Plaintiffs sue Jones under 42 U.S.C. § 1983 for use of excessive force against Brumley. They sue City of Fort Worth for failure to train and for having a custom and policy of use of excessive force by its police department.
II.
Ground of the Motion
Jones maintains that he is entitled to qualified immunity.
III.
Applicable Legal Principles
A. Summary Judgment
Rule 56(a) of the Federal Rules of Civil Procedure provides that the court shall grant summary judgment on a claim or defense if there is no genuine dispute as to any material fact and the movant is entitled to judgment as a matter of law. Fed. R. Civ. P. 56(a); Anderson v. Liberty Lobby, Inc., 477 U.S. 242, 247 (1986). The movant bears the initial burden of pointing out to the court that there is no genuine dispute as to any material fact. Celotex Corp. v. Catrett, 477 U.S. 317, 323, 325 (1986). The movant can discharge this burden by pointing out the absence of evidence supporting one or more essential elements of the nonmoving party's claim, "since a complete failure of proof concerning an essential element of the nonmoving party's case necessarily renders all other facts immaterial." Id. at 323. Once the movant has carried its burden under Rule 56(a), the nonmoving party must identify evidence in the record that creates a genuine dispute as to each of the challenged elements of its case. Id. at 324; see also Fed, R. Civ. P. 56(c) ("A party asserting that a fact . . . is genuinely disputed must support the assertion by . . . citing to particular parts of materials in the record . . . ."). If the evidence identified could not lead a rational trier of fact to find in favor of the nonmoving party as to each essential element of the nonmoving party's case, there is no genuine dispute for trial and summary judgment is appropriate. Matsushita Elec. Indus. Co. v. Zenith Radio Corp., 475 U.S. 574, 587, 597 (1986). In Mississippi Prot. & Advocacy Sys., Inc. v. Cotten, the Fifth Circuit explained:
Where the record, including affidavits, interrogatories, admissions, and depositions could not, as a whole, lead a rational trier of fact to find for the nonmoving party, there is no issue for trial.929 F.2d 1054, 1058 (5th Cir. 1991).

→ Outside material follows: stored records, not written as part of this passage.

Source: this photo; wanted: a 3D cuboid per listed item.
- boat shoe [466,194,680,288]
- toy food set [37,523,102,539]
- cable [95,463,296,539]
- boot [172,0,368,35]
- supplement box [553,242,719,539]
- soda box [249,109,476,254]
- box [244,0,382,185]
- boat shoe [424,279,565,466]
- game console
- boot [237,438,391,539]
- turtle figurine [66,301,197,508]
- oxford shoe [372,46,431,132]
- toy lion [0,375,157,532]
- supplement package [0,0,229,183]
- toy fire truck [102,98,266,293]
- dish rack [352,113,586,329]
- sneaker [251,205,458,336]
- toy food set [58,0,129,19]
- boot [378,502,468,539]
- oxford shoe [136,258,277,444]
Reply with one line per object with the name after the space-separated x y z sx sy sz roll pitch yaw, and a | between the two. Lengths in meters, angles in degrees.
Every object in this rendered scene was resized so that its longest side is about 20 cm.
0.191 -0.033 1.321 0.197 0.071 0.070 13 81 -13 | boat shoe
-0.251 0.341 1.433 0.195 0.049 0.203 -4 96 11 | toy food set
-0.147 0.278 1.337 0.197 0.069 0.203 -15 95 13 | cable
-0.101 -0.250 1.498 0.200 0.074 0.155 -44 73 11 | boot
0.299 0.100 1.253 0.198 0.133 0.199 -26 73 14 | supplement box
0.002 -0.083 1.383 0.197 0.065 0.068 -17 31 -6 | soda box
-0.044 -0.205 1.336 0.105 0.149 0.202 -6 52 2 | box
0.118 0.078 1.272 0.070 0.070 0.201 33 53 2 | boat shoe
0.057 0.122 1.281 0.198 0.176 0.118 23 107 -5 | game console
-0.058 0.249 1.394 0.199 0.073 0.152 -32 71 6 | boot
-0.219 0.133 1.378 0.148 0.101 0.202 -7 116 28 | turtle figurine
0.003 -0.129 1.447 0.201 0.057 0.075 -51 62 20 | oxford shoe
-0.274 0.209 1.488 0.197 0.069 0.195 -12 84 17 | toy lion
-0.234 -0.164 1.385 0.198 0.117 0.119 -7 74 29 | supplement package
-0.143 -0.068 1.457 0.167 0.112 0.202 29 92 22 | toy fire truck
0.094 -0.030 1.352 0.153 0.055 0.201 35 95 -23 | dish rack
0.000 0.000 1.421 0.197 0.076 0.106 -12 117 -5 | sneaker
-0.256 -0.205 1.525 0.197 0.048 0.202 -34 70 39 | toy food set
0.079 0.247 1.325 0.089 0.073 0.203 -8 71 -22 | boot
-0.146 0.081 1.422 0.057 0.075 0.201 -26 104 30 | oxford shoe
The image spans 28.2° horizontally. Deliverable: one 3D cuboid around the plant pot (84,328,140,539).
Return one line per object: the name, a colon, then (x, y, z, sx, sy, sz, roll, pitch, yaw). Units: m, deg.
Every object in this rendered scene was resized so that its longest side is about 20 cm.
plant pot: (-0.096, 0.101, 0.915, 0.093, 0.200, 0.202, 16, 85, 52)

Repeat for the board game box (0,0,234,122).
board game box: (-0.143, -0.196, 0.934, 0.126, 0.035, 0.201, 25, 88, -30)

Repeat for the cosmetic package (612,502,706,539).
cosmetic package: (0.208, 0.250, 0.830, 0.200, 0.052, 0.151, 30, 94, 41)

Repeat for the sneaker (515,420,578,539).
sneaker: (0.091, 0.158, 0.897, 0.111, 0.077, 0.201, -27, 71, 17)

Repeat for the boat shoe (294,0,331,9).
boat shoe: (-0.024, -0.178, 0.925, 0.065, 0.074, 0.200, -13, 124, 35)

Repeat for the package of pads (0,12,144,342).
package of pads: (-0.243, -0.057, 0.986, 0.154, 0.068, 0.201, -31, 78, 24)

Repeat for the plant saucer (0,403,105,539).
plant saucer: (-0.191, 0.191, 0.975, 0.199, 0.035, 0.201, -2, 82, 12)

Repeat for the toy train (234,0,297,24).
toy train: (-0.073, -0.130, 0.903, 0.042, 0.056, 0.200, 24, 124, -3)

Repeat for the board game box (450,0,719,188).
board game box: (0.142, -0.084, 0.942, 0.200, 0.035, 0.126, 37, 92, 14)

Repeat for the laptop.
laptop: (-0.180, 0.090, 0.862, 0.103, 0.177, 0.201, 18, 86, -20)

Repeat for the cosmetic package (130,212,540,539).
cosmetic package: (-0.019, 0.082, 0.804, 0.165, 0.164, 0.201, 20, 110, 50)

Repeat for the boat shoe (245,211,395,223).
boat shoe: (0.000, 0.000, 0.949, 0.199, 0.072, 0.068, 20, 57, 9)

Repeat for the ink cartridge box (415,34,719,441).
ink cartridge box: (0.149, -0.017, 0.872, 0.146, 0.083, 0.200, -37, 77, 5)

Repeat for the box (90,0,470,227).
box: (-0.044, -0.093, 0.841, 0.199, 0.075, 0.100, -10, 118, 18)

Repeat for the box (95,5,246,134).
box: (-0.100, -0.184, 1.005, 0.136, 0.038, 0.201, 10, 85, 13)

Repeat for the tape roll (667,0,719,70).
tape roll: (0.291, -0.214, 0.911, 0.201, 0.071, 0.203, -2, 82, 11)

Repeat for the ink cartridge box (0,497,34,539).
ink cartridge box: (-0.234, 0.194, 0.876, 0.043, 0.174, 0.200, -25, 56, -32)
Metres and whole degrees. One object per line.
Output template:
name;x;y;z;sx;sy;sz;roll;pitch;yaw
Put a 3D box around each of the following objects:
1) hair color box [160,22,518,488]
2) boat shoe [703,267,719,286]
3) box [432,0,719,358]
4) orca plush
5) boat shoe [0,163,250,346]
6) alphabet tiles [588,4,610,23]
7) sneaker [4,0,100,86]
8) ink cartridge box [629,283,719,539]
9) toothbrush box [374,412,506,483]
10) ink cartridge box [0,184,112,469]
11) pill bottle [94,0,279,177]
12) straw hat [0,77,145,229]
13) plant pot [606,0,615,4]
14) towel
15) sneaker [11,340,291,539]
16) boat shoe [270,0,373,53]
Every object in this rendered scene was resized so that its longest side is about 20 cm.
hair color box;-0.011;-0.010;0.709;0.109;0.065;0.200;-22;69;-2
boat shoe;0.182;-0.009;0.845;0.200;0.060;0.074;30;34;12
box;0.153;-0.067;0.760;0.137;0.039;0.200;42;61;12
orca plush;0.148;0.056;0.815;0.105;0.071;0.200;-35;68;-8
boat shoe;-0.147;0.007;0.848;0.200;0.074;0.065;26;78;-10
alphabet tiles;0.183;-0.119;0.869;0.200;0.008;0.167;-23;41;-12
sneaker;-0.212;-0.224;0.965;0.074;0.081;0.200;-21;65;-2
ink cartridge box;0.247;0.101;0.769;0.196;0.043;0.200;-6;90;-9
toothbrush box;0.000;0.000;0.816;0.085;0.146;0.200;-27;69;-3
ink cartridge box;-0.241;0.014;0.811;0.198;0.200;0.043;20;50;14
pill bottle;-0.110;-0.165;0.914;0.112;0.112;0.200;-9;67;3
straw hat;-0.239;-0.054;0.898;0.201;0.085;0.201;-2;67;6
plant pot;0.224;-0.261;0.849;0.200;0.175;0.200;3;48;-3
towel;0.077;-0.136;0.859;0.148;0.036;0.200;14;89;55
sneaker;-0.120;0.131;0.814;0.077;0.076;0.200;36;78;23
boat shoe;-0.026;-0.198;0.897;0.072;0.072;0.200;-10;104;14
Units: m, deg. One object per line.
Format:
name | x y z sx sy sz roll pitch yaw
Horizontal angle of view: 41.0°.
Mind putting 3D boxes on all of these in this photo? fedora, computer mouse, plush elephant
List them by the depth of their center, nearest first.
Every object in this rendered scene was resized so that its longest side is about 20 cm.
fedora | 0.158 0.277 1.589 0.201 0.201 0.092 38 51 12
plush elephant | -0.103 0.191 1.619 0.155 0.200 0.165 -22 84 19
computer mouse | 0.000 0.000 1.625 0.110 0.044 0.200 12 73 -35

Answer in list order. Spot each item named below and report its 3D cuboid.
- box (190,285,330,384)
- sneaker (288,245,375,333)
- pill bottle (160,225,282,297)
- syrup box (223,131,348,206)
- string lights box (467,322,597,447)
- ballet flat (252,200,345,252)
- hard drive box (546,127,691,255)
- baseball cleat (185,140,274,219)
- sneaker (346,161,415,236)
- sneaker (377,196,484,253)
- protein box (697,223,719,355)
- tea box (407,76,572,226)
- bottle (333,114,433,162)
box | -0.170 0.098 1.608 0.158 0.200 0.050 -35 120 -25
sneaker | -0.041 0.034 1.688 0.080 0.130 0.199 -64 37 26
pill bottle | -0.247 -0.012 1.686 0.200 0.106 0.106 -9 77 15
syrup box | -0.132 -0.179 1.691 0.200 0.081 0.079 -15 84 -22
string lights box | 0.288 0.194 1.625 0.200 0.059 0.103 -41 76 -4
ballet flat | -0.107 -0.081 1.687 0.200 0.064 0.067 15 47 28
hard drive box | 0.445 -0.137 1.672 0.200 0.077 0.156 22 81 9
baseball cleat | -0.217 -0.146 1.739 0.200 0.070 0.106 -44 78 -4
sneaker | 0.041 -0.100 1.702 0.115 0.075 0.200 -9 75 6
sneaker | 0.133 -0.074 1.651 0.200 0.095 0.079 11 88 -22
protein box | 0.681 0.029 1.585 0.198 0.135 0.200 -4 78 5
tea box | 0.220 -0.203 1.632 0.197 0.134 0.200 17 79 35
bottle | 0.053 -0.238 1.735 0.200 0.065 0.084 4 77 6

The standard for granting a motion for summary judgment is the same as the standard for rendering judgment as a matter of law. Celotex Corp., 477 U.S. at 323. If the record taken as a whole could not lead a rational trier of fact to find for the non-moving party, there is no genuine issue for trial. Matsushita, 475 U.S. at 597; see also Mississippi Prot. & Advocacy Sys., 929 F.2d at 1058. B. Excessive Force
In Boeing Co. v. Shipman, 411 F.2d 365, 374-75 (5th Cir. 1969) (en banc), the Fifth Circuit explained the standard to be applied in determining whether the court should enter judgment on motions for directed verdict or for judgment notwithstanding the verdict.
The elements of an excessive force claim are (1) an injury, (2) that resulted directly and only from a use of force that was clearly excessive, and (3) the excessiveness was clearly unreasonable. Freeman v. Gore, 483 F.3d 404, 416 (5th Cir. 2007). A use of deadly force is presumptively reasonable when an officer has reason to believe that the suspect poses a threat of serious harm to the officer or to others. Mace v. City of Palestine, 333 F.3d 621, 624 (5th Cir. 2003).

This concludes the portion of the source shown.